__Work instruction__
Your output should be the complete listing, word for word, with no pictures in it.

__Data for this task__

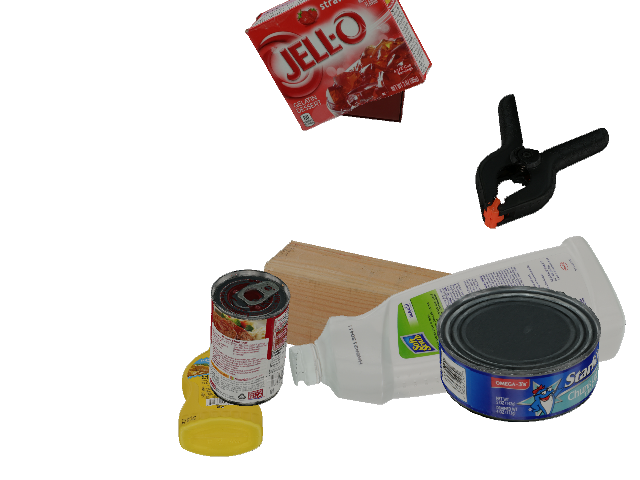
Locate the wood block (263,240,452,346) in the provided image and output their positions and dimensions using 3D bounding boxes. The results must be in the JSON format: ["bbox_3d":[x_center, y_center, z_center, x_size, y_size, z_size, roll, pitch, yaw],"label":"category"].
[{"bbox_3d":[0.046,0.074,1.173,0.206,0.091,0.090,12,22,17],"label":"wood block"}]

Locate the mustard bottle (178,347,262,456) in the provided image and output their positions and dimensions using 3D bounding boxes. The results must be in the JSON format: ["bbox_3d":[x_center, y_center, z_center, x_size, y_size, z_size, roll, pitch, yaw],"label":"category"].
[{"bbox_3d":[-0.119,0.180,1.287,0.096,0.058,0.191,-2,28,-3],"label":"mustard bottle"}]

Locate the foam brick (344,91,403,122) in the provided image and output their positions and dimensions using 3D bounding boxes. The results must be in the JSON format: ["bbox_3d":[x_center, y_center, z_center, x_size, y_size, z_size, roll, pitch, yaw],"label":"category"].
[{"bbox_3d":[0.039,-0.141,0.980,0.078,0.051,0.053,7,17,5],"label":"foam brick"}]

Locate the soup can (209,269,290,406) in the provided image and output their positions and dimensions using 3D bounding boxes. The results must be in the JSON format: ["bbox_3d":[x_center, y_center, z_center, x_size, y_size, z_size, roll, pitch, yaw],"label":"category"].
[{"bbox_3d":[-0.063,0.086,0.935,0.068,0.102,0.068,4,34,-3],"label":"soup can"}]

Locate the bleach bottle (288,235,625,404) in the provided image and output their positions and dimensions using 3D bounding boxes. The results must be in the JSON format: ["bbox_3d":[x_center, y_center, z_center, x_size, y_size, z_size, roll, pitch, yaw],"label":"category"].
[{"bbox_3d":[0.099,0.067,0.825,0.250,0.102,0.068,-10,-42,-8],"label":"bleach bottle"}]

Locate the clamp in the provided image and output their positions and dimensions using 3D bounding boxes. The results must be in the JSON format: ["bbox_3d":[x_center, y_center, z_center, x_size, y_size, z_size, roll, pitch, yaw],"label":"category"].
[{"bbox_3d":[0.202,-0.084,1.087,0.120,0.039,0.171,29,55,30],"label":"clamp"}]

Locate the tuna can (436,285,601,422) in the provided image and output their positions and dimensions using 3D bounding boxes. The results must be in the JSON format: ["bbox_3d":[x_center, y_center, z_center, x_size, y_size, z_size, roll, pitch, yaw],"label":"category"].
[{"bbox_3d":[0.106,0.060,0.573,0.086,0.034,0.086,-5,27,2],"label":"tuna can"}]

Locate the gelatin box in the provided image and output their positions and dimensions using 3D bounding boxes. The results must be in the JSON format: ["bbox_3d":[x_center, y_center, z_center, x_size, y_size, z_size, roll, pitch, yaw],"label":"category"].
[{"bbox_3d":[0.011,-0.115,0.638,0.089,0.073,0.030,-19,25,28],"label":"gelatin box"}]
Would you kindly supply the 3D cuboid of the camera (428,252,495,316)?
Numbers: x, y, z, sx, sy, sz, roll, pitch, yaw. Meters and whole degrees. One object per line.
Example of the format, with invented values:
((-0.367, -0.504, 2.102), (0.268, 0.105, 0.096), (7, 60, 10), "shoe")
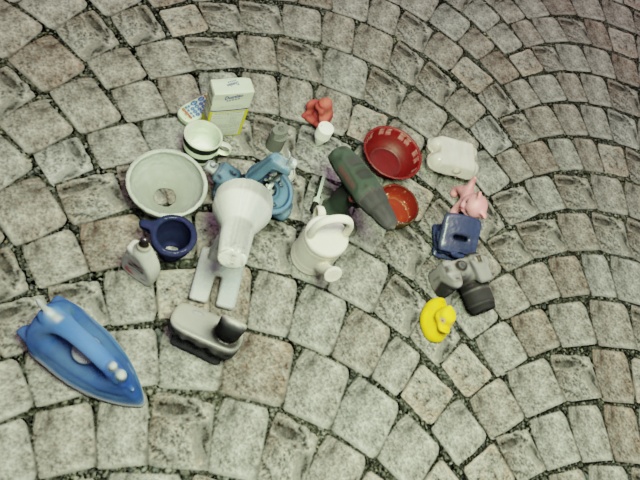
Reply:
((0.356, 0.108, 1.363), (0.143, 0.100, 0.136), (-10, 70, -24), "camera")

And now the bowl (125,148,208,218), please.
((-0.328, -0.108, 1.226), (0.168, 0.074, 0.167), (8, 63, -17), "bowl")

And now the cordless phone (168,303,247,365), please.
((-0.207, 0.158, 1.081), (0.148, 0.185, 0.094), (23, 60, -8), "cordless phone")

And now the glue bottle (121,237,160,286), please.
((-0.341, 0.031, 1.097), (0.078, 0.173, 0.037), (33, 59, -2), "glue bottle")

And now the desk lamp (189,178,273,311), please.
((-0.175, 0.008, 1.147), (0.118, 0.213, 0.203), (15, 61, -13), "desk lamp")

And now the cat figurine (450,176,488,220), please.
((0.388, -0.102, 1.464), (0.067, 0.117, 0.128), (13, 62, -14), "cat figurine")

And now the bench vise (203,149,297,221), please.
((-0.140, -0.123, 1.218), (0.208, 0.219, 0.121), (5, 64, -18), "bench vise")

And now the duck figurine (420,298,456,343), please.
((0.279, 0.176, 1.311), (0.078, 0.086, 0.104), (17, 61, -12), "duck figurine")

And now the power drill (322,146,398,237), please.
((0.076, -0.086, 1.288), (0.076, 0.208, 0.229), (-21, 74, -27), "power drill")

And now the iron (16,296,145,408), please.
((-0.406, 0.199, 1.012), (0.258, 0.141, 0.119), (39, 59, 0), "iron")

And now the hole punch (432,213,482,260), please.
((0.340, -0.004, 1.416), (0.109, 0.091, 0.101), (12, 62, -15), "hole punch")

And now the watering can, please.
((0.013, 0.004, 1.230), (0.101, 0.194, 0.173), (-22, 75, -27), "watering can")

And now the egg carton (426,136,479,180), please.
((0.353, -0.217, 1.534), (0.150, 0.069, 0.107), (10, 63, -16), "egg carton")

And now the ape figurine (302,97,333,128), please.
((0.004, -0.327, 1.443), (0.076, 0.092, 0.078), (-2, 67, -21), "ape figurine")

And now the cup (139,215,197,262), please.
((-0.314, 0.002, 1.167), (0.118, 0.095, 0.092), (23, 60, -9), "cup")

__Solution to this exercise__
Locate the wood block (263,240,452,346) in the provided image and output their positions and dimensions using 3D bounding boxes. The results must be in the JSON format: ["bbox_3d":[x_center, y_center, z_center, x_size, y_size, z_size, roll, pitch, yaw],"label":"category"].
[{"bbox_3d":[0.046,0.074,1.173,0.206,0.091,0.090,12,22,17],"label":"wood block"}]

Locate the mustard bottle (178,347,262,456) in the provided image and output their positions and dimensions using 3D bounding boxes. The results must be in the JSON format: ["bbox_3d":[x_center, y_center, z_center, x_size, y_size, z_size, roll, pitch, yaw],"label":"category"].
[{"bbox_3d":[-0.119,0.180,1.287,0.096,0.058,0.191,-2,28,-3],"label":"mustard bottle"}]

Locate the foam brick (344,91,403,122) in the provided image and output their positions and dimensions using 3D bounding boxes. The results must be in the JSON format: ["bbox_3d":[x_center, y_center, z_center, x_size, y_size, z_size, roll, pitch, yaw],"label":"category"].
[{"bbox_3d":[0.039,-0.141,0.980,0.078,0.051,0.053,7,17,5],"label":"foam brick"}]

Locate the soup can (209,269,290,406) in the provided image and output their positions and dimensions using 3D bounding boxes. The results must be in the JSON format: ["bbox_3d":[x_center, y_center, z_center, x_size, y_size, z_size, roll, pitch, yaw],"label":"category"].
[{"bbox_3d":[-0.063,0.086,0.935,0.068,0.102,0.068,4,34,-3],"label":"soup can"}]

Locate the bleach bottle (288,235,625,404) in the provided image and output their positions and dimensions using 3D bounding boxes. The results must be in the JSON format: ["bbox_3d":[x_center, y_center, z_center, x_size, y_size, z_size, roll, pitch, yaw],"label":"category"].
[{"bbox_3d":[0.099,0.067,0.825,0.250,0.102,0.068,-10,-42,-8],"label":"bleach bottle"}]

Locate the clamp in the provided image and output their positions and dimensions using 3D bounding boxes. The results must be in the JSON format: ["bbox_3d":[x_center, y_center, z_center, x_size, y_size, z_size, roll, pitch, yaw],"label":"category"].
[{"bbox_3d":[0.202,-0.084,1.087,0.120,0.039,0.171,29,55,30],"label":"clamp"}]

Locate the tuna can (436,285,601,422) in the provided image and output their positions and dimensions using 3D bounding boxes. The results must be in the JSON format: ["bbox_3d":[x_center, y_center, z_center, x_size, y_size, z_size, roll, pitch, yaw],"label":"category"].
[{"bbox_3d":[0.106,0.060,0.573,0.086,0.034,0.086,-5,27,2],"label":"tuna can"}]

Locate the gelatin box in the provided image and output their positions and dimensions using 3D bounding boxes. The results must be in the JSON format: ["bbox_3d":[x_center, y_center, z_center, x_size, y_size, z_size, roll, pitch, yaw],"label":"category"].
[{"bbox_3d":[0.011,-0.115,0.638,0.089,0.073,0.030,-19,25,28],"label":"gelatin box"}]
Would you kindly supply the 3D cuboid of the camera (428,252,495,316)?
Numbers: x, y, z, sx, sy, sz, roll, pitch, yaw. Meters and whole degrees. One object per line.
Example of the format, with invented values:
((-0.367, -0.504, 2.102), (0.268, 0.105, 0.096), (7, 60, 10), "shoe")
Reply:
((0.356, 0.108, 1.363), (0.143, 0.100, 0.136), (-10, 70, -24), "camera")

And now the bowl (125,148,208,218), please.
((-0.328, -0.108, 1.226), (0.168, 0.074, 0.167), (8, 63, -17), "bowl")

And now the cordless phone (168,303,247,365), please.
((-0.207, 0.158, 1.081), (0.148, 0.185, 0.094), (23, 60, -8), "cordless phone")

And now the glue bottle (121,237,160,286), please.
((-0.341, 0.031, 1.097), (0.078, 0.173, 0.037), (33, 59, -2), "glue bottle")

And now the desk lamp (189,178,273,311), please.
((-0.175, 0.008, 1.147), (0.118, 0.213, 0.203), (15, 61, -13), "desk lamp")

And now the cat figurine (450,176,488,220), please.
((0.388, -0.102, 1.464), (0.067, 0.117, 0.128), (13, 62, -14), "cat figurine")

And now the bench vise (203,149,297,221), please.
((-0.140, -0.123, 1.218), (0.208, 0.219, 0.121), (5, 64, -18), "bench vise")

And now the duck figurine (420,298,456,343), please.
((0.279, 0.176, 1.311), (0.078, 0.086, 0.104), (17, 61, -12), "duck figurine")

And now the power drill (322,146,398,237), please.
((0.076, -0.086, 1.288), (0.076, 0.208, 0.229), (-21, 74, -27), "power drill")

And now the iron (16,296,145,408), please.
((-0.406, 0.199, 1.012), (0.258, 0.141, 0.119), (39, 59, 0), "iron")

And now the hole punch (432,213,482,260), please.
((0.340, -0.004, 1.416), (0.109, 0.091, 0.101), (12, 62, -15), "hole punch")

And now the watering can, please.
((0.013, 0.004, 1.230), (0.101, 0.194, 0.173), (-22, 75, -27), "watering can")

And now the egg carton (426,136,479,180), please.
((0.353, -0.217, 1.534), (0.150, 0.069, 0.107), (10, 63, -16), "egg carton")

And now the ape figurine (302,97,333,128), please.
((0.004, -0.327, 1.443), (0.076, 0.092, 0.078), (-2, 67, -21), "ape figurine")

And now the cup (139,215,197,262), please.
((-0.314, 0.002, 1.167), (0.118, 0.095, 0.092), (23, 60, -9), "cup")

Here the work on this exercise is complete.